According to Vishnoi, AI can reduce resolution times by 60–80% by automating correlation and diagnosis. But the longer-term impact goes further.
AI also addresses two persistent challenges:
- False positives: AI can learn which alerts matter, reducing alert fatigue and unnecessary escalations
- Cost efficiency: By filtering unnecessary data, organizations can reduce ingestion and storage costs
This is particularly important in Kubernetes and microservices environments, where telemetry volume can quickly become unmanageable.
Observability Is Moving Toward Platform Engineering—and Eventually AI
The role of observability is also shifting organizationally. While traditionally owned by IT operations or AIOps teams, Vishnoi sees observability moving toward platform engineering and core architecture teams. However, the bigger transformation is not organizational; it’s operational.
“Within two to three years… AI will fix the issues, generate a PR, and push it into the CI/CD pipeline,” Vishnoi said.
That vision points to a future where observability is no longer a destination (a dashboard) but an embedded capability within the software delivery lifecycle.
Developers may not log into observability tools at all. Instead, insights and fixes will be delivered directly into their workflows.
The Human-in-the-Loop Phase Is Temporary
Despite rapid progress, most organizations are not ready to fully trust autonomous systems.
Middleware currently keeps humans in the loop, generating fixes and pull requests rather than applying changes automatically. This reflects a broader industry reality: trust, governance, and maturity still lag behind technical capability.
However, Vishnoi is clear on the direction. “I 100% believe AI will completely replace observability stacks,” he said.

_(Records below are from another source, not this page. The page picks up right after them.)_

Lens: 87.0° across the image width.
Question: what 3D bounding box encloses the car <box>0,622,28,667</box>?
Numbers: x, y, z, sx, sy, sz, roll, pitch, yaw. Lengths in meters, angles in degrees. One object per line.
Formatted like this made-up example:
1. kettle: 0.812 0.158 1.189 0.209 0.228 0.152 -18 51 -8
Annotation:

That does not mean humans disappear. It means their role shifts from monitoring systems to supervising and governing automated operations.
Analyst Take
Observability is undergoing one of the most significant transformations in the cloud-native era.
The industry has spent the past decade optimizing for visibility by collecting more data, building more dashboards, and expanding telemetry pipelines. AI changes the objective entirely.

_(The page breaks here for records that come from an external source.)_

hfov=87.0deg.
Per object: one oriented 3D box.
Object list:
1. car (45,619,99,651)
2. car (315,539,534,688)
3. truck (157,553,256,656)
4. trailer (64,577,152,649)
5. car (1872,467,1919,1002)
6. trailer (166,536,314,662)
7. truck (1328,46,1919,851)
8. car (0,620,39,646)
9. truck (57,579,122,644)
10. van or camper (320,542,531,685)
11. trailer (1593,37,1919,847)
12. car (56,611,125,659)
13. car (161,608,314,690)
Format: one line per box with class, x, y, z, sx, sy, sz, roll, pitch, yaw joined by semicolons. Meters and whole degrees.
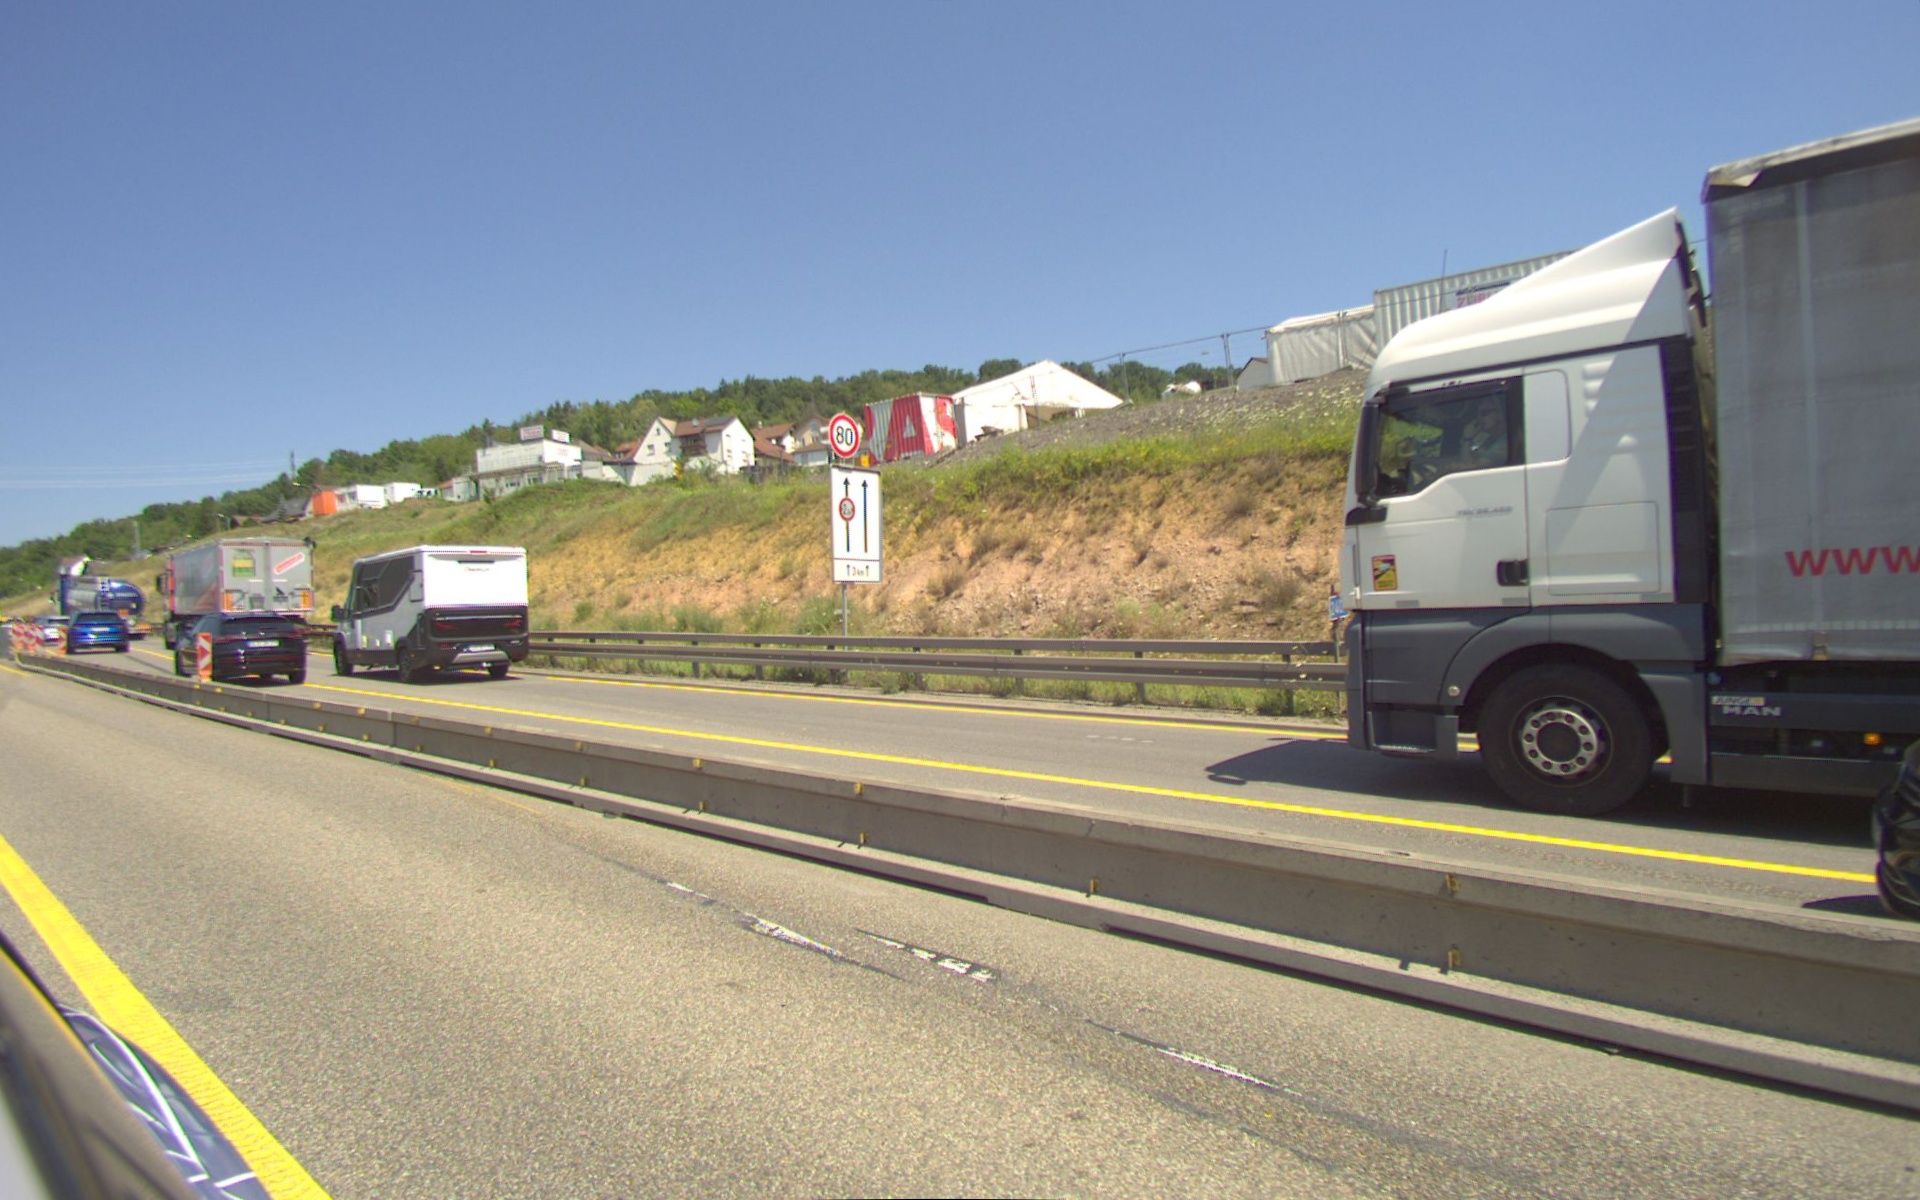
car;-44.752;1.732;50.982;1.812;1.440;4.538;-1;0;-44
car;-11.976;0.258;22.342;6.559;2.842;2.250;-1;0;43
truck;-30.439;0.155;40.811;2.555;3.857;5.385;-1;0;-43
trailer;-50.448;0.724;59.764;11.273;3.899;2.572;0;0;43
car;5.473;0.380;2.558;4.606;1.769;1.836;-2;0;41
trailer;-25.942;-0.027;36.119;2.624;3.844;11.831;-1;0;-44
truck;5.081;-0.794;6.994;4.070;4.181;2.770;-1;0;39
car;-59.244;2.032;63.596;1.812;1.530;4.846;-1;0;-44
truck;-55.128;0.692;64.046;4.588;4.006;2.555;-1;0;42
van or camper;-11.922;0.302;22.293;6.455;2.725;2.100;-1;-1;43
trailer;7.920;-0.854;4.607;8.237;4.205;2.784;-1;0;40
car;-33.445;1.288;38.883;1.812;1.676;4.689;-1;1;-43
car;-15.267;0.996;21.310;4.185;1.529;1.735;-2;-1;42

The future of observability is not about seeing more. It is about doing more with less human intervention.
Three key shifts are emerging:
- Observability platforms are consolidating into unified data layers to enable correlation
- AI is becoming the primary interface, replacing dashboards with decisions
- Remediation is moving closer to automation, integrating directly into CI/CD pipelines
The most important takeaway is this: Observability is evolving from a monitoring function into an autonomous control system.
Vendors that can combine unified data pipelines, intelligent filtering, and safe automated remediation will define the next phase of the market. Organizations that continue relying on fragmented, reactive tooling will struggle to keep up with the scale and complexity of modern systems.